◆ What is required ◆
Among these records, tally each line with the word "Lengths"; the answer is that number alone.

◆ Collected data ◆
────────────────────

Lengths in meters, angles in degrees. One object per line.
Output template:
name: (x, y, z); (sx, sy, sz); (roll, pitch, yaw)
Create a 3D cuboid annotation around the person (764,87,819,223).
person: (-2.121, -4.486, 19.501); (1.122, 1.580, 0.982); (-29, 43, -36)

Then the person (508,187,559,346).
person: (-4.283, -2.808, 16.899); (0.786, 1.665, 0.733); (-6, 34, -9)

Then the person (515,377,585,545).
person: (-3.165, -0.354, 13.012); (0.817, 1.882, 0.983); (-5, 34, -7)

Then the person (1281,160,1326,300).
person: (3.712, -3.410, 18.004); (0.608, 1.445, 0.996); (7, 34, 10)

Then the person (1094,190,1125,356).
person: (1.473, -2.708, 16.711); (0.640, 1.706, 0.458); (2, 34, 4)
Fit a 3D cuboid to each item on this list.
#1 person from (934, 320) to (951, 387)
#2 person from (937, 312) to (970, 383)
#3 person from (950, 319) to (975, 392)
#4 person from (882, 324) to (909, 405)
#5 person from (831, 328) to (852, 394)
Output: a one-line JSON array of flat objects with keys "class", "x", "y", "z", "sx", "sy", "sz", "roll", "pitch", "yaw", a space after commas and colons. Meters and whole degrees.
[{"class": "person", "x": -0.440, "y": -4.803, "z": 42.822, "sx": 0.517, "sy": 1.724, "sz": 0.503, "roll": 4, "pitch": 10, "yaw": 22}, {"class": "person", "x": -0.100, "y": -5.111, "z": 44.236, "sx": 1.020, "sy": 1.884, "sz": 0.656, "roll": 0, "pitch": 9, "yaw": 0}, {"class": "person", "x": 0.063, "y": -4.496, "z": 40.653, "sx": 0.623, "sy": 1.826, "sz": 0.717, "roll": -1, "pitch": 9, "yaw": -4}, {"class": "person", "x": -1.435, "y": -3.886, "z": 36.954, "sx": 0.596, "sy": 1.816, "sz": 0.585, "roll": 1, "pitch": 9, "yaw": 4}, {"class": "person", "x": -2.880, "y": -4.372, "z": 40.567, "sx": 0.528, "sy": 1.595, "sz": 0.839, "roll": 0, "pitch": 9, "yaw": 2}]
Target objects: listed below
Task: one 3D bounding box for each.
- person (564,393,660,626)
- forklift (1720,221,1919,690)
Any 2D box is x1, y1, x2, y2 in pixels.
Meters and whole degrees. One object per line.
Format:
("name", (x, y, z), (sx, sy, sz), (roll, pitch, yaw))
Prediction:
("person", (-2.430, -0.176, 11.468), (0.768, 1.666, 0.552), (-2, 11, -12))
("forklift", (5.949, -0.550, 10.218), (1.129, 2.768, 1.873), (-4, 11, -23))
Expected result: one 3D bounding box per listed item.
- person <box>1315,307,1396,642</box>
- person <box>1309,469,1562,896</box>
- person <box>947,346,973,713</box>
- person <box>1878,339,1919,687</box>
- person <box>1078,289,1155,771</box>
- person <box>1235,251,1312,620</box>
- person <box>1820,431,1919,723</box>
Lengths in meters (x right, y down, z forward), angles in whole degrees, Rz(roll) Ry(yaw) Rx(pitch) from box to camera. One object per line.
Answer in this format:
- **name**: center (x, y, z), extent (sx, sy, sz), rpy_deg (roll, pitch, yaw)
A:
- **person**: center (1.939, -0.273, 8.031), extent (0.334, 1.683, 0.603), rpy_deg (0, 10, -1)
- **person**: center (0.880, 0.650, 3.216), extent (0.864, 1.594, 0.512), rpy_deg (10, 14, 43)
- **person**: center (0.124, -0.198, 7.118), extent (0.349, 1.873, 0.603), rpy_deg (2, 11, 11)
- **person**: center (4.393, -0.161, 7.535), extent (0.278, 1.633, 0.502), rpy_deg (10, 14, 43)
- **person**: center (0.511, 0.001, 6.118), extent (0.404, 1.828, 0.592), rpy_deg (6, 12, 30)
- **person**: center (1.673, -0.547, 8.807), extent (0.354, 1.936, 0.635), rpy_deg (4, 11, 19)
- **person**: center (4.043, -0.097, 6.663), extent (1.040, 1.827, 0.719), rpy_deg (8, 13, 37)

────────────────────

◆ Response to this task ◆
2